1 Ekim 2012 Pazartesi

Dört yazı okuyup Karl Popper'i öğrenmek ister misiniz?

Popper, 1994'te öldü.
Karl Popper, bugün bilim felsefesine en önemli temeli sağlayan isim aslında ama onun kuvvetli eleştirilerine hedef olduğu halde bilimde kullanılmak zorunda olan tüme varımcı metotlar, günümüz bilim felsefesinin en önemli sorununu oluşturuyor.
Her sabah güneşin doğuyor olması, yarın sabah da doğacağının garantisi sayılamaz. Bu sorun, bilim felsefesi ve bilimin kendisi için taa David Hume zamanından beri cevaplanması gereken bir konu. Popper'ın da, ondan sonra gelenlerin de esaslı bir cevabı yok buna.
Liz Williams, The Guardian'ın web sitesindeki biyografisinden anladığım kadarıyla bir bilim kurgu yazarı. Bu arada Cambridge Üniversitesinden tarih ve bilim felsefesi doktoraları var. Ve elbette The Guardian'ın web sitesinde blog yazıyor.
İşte o Williams, blogdaki son dört yazısını 20. yüzyılın en fazla iz bırakan bilim felsefecisi olan Karl Popper'a ayırdı. Bence fena bir biçimde özetlememiş Popper'ın görüşlerini ve ona yönelik eleştirileri.

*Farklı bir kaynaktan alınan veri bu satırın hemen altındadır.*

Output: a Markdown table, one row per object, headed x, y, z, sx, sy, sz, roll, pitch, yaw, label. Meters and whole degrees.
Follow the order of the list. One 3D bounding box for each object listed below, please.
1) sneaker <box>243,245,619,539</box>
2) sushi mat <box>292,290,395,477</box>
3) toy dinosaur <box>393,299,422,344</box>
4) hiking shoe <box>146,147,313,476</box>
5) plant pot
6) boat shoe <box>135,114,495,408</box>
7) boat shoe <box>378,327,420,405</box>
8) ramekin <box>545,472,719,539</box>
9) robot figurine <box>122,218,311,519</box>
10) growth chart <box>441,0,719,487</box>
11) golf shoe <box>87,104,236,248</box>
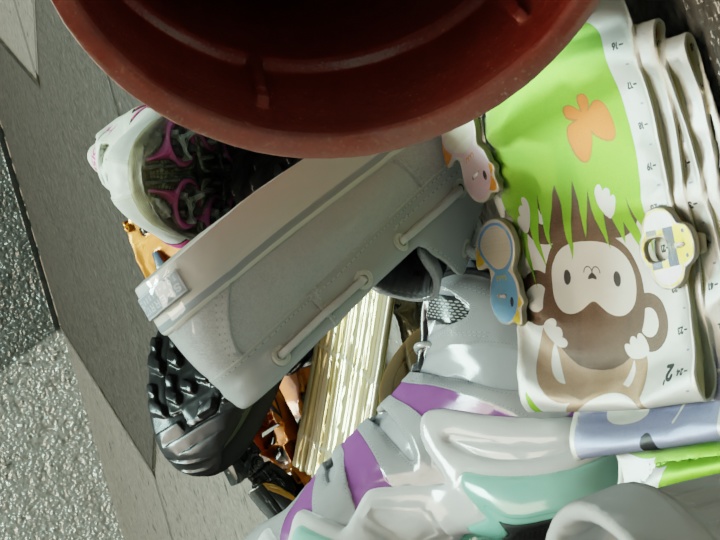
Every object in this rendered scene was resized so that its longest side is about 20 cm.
| x | y | z | sx | sy | sz | roll | pitch | yaw | label |
| --- | --- | --- | --- | --- | --- | --- | --- | --- | --- |
| 0.033 | 0.050 | 1.034 | 0.078 | 0.199 | 0.141 | 26 | -125 | -46 | sneaker |
| 0.000 | 0.000 | 1.183 | 0.096 | 0.012 | 0.201 | -157 | 75 | -69 | sushi mat |
| 0.015 | -0.033 | 1.247 | 0.088 | 0.047 | 0.201 | 111 | 145 | -82 | toy dinosaur |
| -0.030 | 0.020 | 1.274 | 0.075 | 0.201 | 0.101 | -5 | 141 | 39 | hiking shoe |
| -0.022 | -0.166 | 0.921 | 0.195 | 0.200 | 0.202 | -112 | 10 | -65 | plant pot |
| 0.008 | -0.019 | 0.986 | 0.069 | 0.200 | 0.072 | 55 | 137 | -2 | boat shoe |
| 0.082 | 0.092 | 1.074 | 0.065 | 0.072 | 0.200 | 35 | -174 | -43 | boat shoe |
| 0.136 | 0.145 | 0.774 | 0.200 | 0.104 | 0.201 | 163 | 90 | -79 | ramekin |
| -0.048 | 0.047 | 1.479 | 0.201 | 0.058 | 0.145 | 61 | -153 | 4 | robot figurine |
| 0.084 | -0.006 | 0.904 | 0.145 | 0.018 | 0.201 | -30 | 75 | 51 | growth chart |
| -0.096 | -0.048 | 1.353 | 0.200 | 0.092 | 0.073 | -23 | -72 | -76 | golf shoe |

Birinci yazı, Popper'ın ampirisizmi reddi üzerine kurulu. Bu, tabii Popper'ın en temel görüşü. İkinci yazıda Popper'ın 'yanlışlanabilirlik' diye çevirebileceğimiz temel teorisinin önemli kısımları var. Üçüncü yazı, Popper'ın baş eseri diyebileceğimiz 'Açık Toplum ve Düşmanları'nın en siyasi kısmına yoğunlaşmış, Marksizm ve ona yönelik Popper'ın getirdiği eleştiriler. Ve okuduğum son yazı, Popper'ı eleştiren üç önemli bilim felsefecisi, Thomas Kuhn, Imre Lakatos ve Feyerabend anlatılıyor. 
İlginizi çektiyse okuyun derim bu yazıları.